Oil futures steadied on Tuesday on signs that Opec plans to maintain production cuts despite pressure from US President Donald Trump, whose comment criticizing rising crude prices sent the market into a tailspin a day earlier.
Prices fell more than 3.5 percent on Monday, their biggest daily percentage slump this year, after Trump said he wanted the Organization of the Petroleum Exporting Countries to ease its efforts to boost oil prices.
An OPEC source told Reuters on Tuesday OPEC would stick to its agreement to tighten crude supplies regardless of Trump's recent tweet.
Brent crude futures, the global benchmark, rose 67 cents to $65.43, or 1 percent, by 12:22 p.m. EST (1722 GMT). US West Texas Intermediate crude futures were up 36 cents to $55.84.
"The market has started to realize that Donald Trump can't tweet more oil out of the ground, or out of OPEC," said Phil Flynn, analyst at Price Futures Group in Chicago.
"OPEC really wants to get the supplies ... back in line," Flynn said.
Oil prices have risen about 20 percent since the start of the year largely on an agreement by OPEC and non-member producers, including Russia, to reduce production.
The OPEC source said the cartel, along with non-member producers, would continue its supply-cut agreement to balance the market until they see inventories fall to their five-year average. "There is no doubt we will continue with our reduction as planned," the OPEC source said.

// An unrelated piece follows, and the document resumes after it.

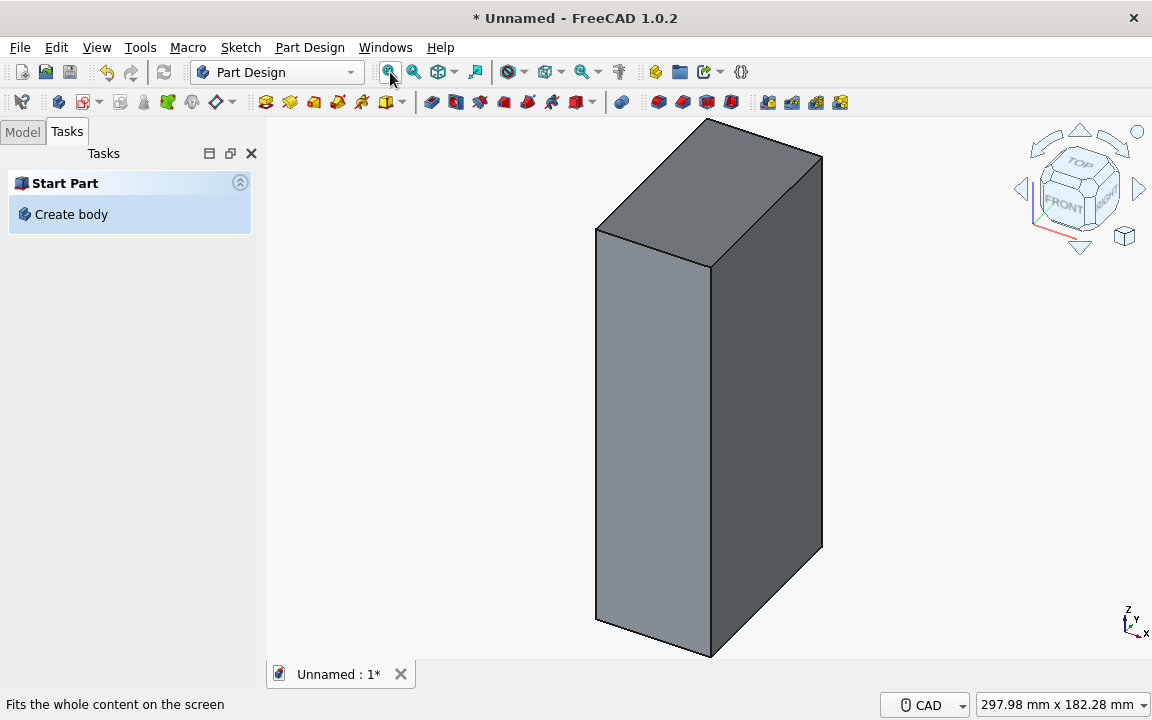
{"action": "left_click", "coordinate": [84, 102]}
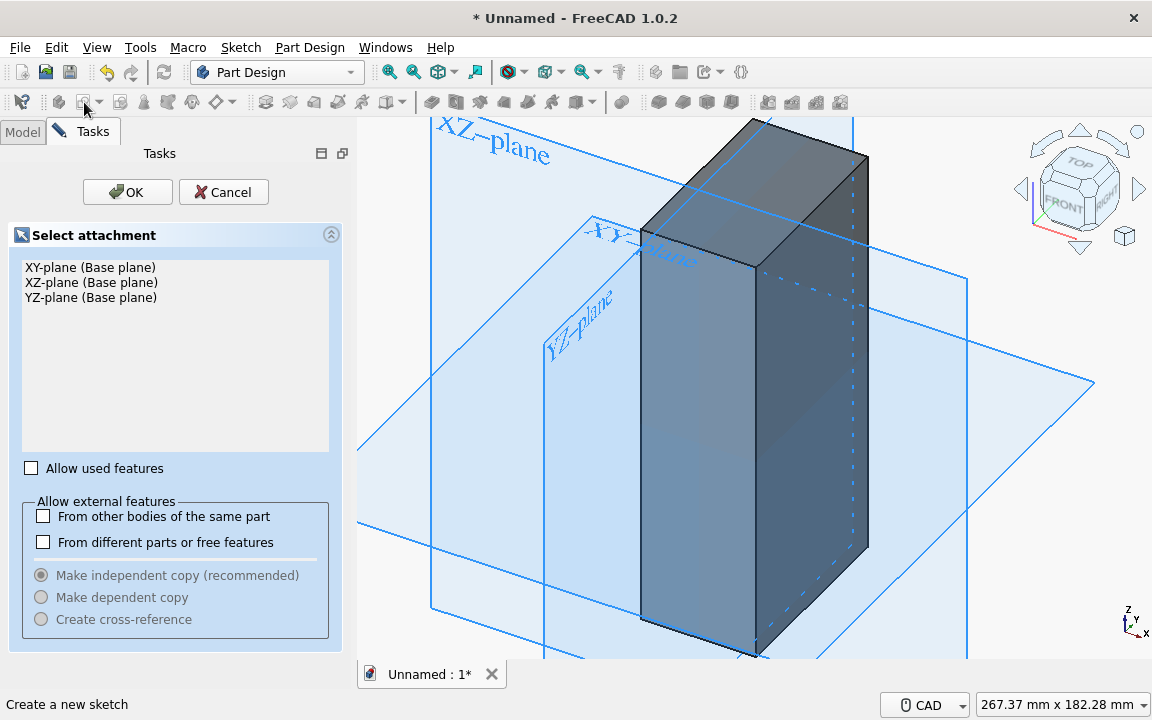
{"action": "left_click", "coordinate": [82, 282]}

OPEC+ agreed in December to cut supply by 1.2 million barrels per day from Jan. 1 for six months.
Growing optimism that the United States and China would secure a trade deal before by a March 1 deadline also boosted prices. Trump on Monday said he may soon sign an agreement with Chinese President Xi Jinping to end a months-long trade war between the two countries. Libya's internationally recognized government agreed with the state oil company to reopen the country's largest oilfield, El Sharara, according to a statement on Tuesday, weighing on prices.
Investors are also looking ahead to weekly figures on US crude inventories. US crude stocks are expected to rise by 3.6 million barrels in weekly inventory reports. The first such report is due at 4:30 p.m. EST (2130 GMT) from the American Petroleum Institute.